No, not "duh." Be exact with your citations or be ignored. 
It's a moderated newsgroup with admirable goals, so a 
professional patina might not be such a bad goal, ya know.

I thought you might be paraphrasing some commentator. I 
refused to yet again do homework another poster should have 
done before posting.

>> I worked from the Trinity Study matrices on success rates 
>> at http://www.retirement-income.net/run_out.htm (see 
>> tables at bottom). The last sentence above is completely 
>> in conflict with Jim's argument.
>
> As far as I can tell, these tables do not address return. 
> The Trinity Study, as far as I can tell, does not say that 
> you will get the same return as a 100% stock portfolio by 
> introducing bonds.

It says a 100% stock portfolio has not been as safe as a mix 
of stocks and bonds when drawing down. A lot of finer points 
might be inferred from this. However, I think it prudent to 
just let it stand in some opposition, in my opinion, to 
Jim's statement.

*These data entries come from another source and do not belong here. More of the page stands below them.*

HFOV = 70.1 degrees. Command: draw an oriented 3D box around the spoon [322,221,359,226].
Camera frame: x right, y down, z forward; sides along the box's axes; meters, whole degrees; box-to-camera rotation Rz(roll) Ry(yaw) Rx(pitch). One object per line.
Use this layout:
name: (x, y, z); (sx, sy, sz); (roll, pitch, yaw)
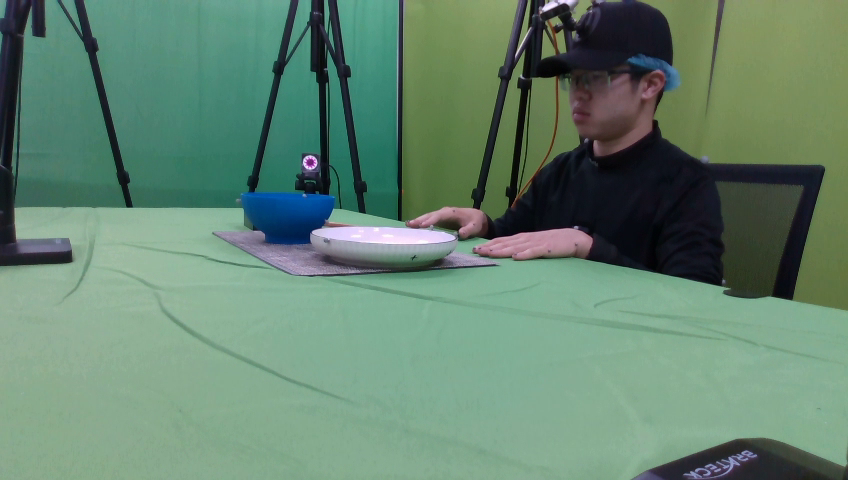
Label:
spoon: (-0.197, -0.028, 1.149); (0.195, 0.021, 0.041); (-2, -9, -30)

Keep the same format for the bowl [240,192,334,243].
bowl: (-0.223, -0.037, 0.992); (0.151, 0.077, 0.151); (2, 7, 0)

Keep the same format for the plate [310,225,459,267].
plate: (-0.055, 0.008, 0.851); (0.208, 0.039, 0.207); (2, 7, 0)
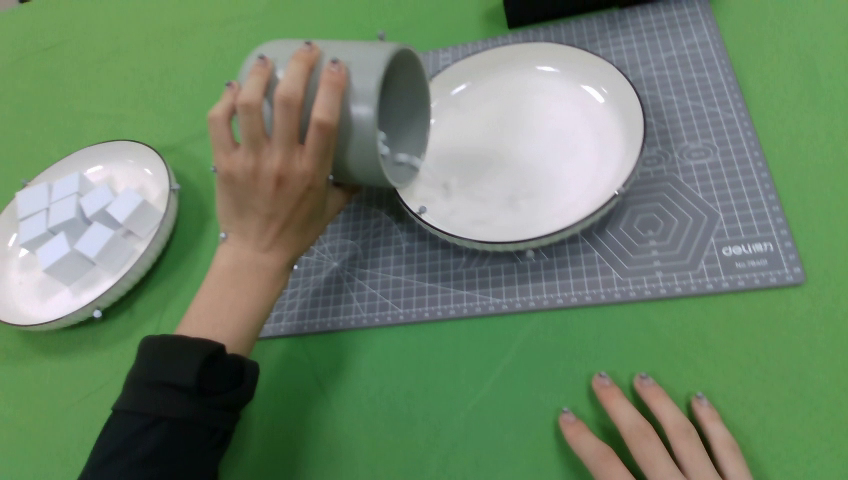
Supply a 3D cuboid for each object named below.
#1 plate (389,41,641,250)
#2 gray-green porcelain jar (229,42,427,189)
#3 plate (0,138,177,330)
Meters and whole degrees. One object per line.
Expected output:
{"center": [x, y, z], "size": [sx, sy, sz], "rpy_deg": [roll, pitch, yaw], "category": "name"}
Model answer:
{"center": [0.069, -0.078, 0.499], "size": [0.209, 0.038, 0.207], "rpy_deg": [-8, 57, 13], "category": "plate"}
{"center": [-0.074, -0.098, 0.468], "size": [0.126, 0.107, 0.105], "rpy_deg": [8, 62, 20], "category": "gray-green porcelain jar"}
{"center": [-0.327, -0.007, 0.582], "size": [0.207, 0.039, 0.205], "rpy_deg": [-8, 57, 13], "category": "plate"}
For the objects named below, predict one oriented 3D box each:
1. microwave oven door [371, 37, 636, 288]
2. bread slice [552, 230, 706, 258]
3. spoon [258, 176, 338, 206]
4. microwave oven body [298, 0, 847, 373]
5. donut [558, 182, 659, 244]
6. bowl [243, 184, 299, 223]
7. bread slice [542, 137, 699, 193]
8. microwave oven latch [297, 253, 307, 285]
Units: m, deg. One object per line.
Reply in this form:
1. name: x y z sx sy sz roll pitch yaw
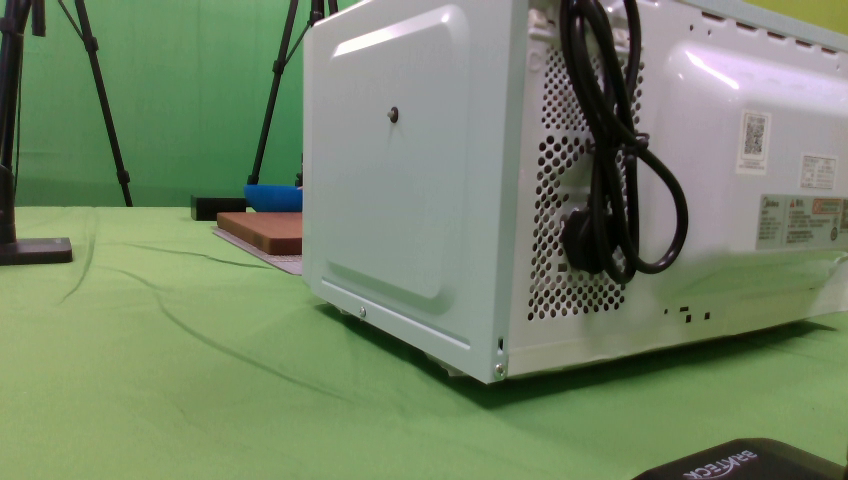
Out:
1. microwave oven door: 0.110 -0.080 0.686 0.358 0.243 0.039 -2 9 -33
2. bread slice: 0.203 0.004 0.584 0.105 0.019 0.131 6 -2 -20
3. spoon: -0.279 -0.112 1.356 0.194 0.021 0.041 -27 18 -27
4. microwave oven body: 0.151 -0.055 0.542 0.444 0.260 0.324 -1 7 -33
5. donut: 0.184 -0.028 0.608 0.099 0.048 0.099 11 -11 2
6. bowl: -0.321 -0.081 1.333 0.151 0.077 0.151 3 8 0
7. bread slice: 0.199 -0.074 0.598 0.107 0.018 0.133 -1 22 -43
8. microwave oven latch: -0.082 0.027 0.583 0.079 0.029 0.030 -2 8 -33

People annoyed by this might also want to 
consider Robert Shiller's (Yale prof much quoted in the 
media) recent proposal that, given a choice between all TIPs 
or all stocks, he'd go all TIPs.

Also, my sense is there is some monday morning 
quarterbacking going on here: The average return of stocks 
over long periods has been x, so it will continue to be x, 
and since x is so high, it was a smart move to invest in 
stocks back then, and will be in the future. This 
implication is a disservice to newbies.